WORK TO BE COMPLETED:
From the line with "1. car [157,197,164,209]" through the final line of the entries below, write out each line exactly and nothing else.
▼
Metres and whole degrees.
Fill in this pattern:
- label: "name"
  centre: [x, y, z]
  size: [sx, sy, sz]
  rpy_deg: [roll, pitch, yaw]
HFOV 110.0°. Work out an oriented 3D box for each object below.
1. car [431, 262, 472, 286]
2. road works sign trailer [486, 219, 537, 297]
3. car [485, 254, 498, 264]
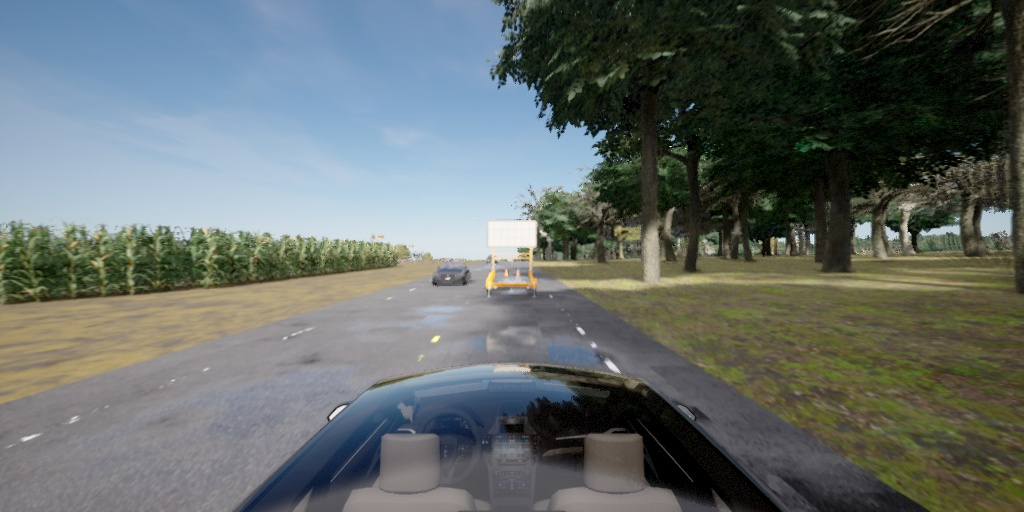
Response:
- label: "car"
  centre: [-3.595, 1.054, 22.050]
  size: [1.994, 1.385, 4.181]
  rpy_deg: [0, 1, 0]
- label: "road works sign trailer"
  centre: [-0.001, 0.011, 17.242]
  size: [2.380, 3.560, 2.880]
  rpy_deg: [0, 0, 1]
- label: "car"
  centre: [-3.536, 0.515, 63.644]
  size: [2.097, 1.767, 4.553]
  rpy_deg: [0, 0, 1]
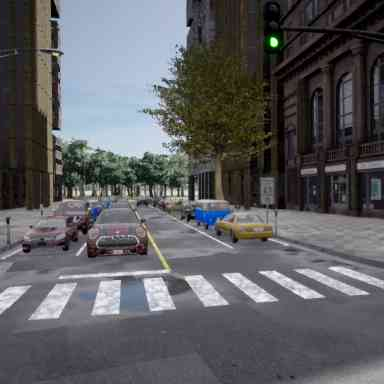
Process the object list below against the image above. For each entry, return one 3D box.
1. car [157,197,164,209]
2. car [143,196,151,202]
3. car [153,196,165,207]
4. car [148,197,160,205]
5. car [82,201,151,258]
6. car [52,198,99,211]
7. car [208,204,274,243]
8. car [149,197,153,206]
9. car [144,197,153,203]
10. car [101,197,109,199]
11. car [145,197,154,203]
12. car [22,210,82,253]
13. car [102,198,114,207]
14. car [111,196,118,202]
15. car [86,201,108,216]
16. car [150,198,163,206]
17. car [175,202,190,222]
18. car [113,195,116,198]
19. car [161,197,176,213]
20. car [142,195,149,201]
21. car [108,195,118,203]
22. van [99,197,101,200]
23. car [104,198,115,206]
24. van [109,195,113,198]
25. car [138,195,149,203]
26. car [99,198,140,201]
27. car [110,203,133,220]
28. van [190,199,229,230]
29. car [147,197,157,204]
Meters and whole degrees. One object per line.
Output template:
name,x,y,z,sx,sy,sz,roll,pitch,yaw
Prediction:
▲
RESULT:
1. car [157,197,164,209]
2. car [143,196,151,202]
3. car [153,196,165,207]
4. car [148,197,160,205]
5. car [82,201,151,258]
6. car [52,198,99,211]
7. car [208,204,274,243]
8. car [149,197,153,206]
9. car [144,197,153,203]
10. car [101,197,109,199]
11. car [145,197,154,203]
12. car [22,210,82,253]
13. car [102,198,114,207]
14. car [111,196,118,202]
15. car [86,201,108,216]
16. car [150,198,163,206]
17. car [175,202,190,222]
18. car [113,195,116,198]
19. car [161,197,176,213]
20. car [142,195,149,201]
21. car [108,195,118,203]
22. van [99,197,101,200]
23. car [104,198,115,206]
24. van [109,195,113,198]
25. car [138,195,149,203]
26. car [99,198,140,201]
27. car [110,203,133,220]
28. van [190,199,229,230]
29. car [147,197,157,204]
Meters and whole degrees. One object per line.
Output template:
name,x,y,z,sx,sy,sz,roll,pitch,yaw
Prediction:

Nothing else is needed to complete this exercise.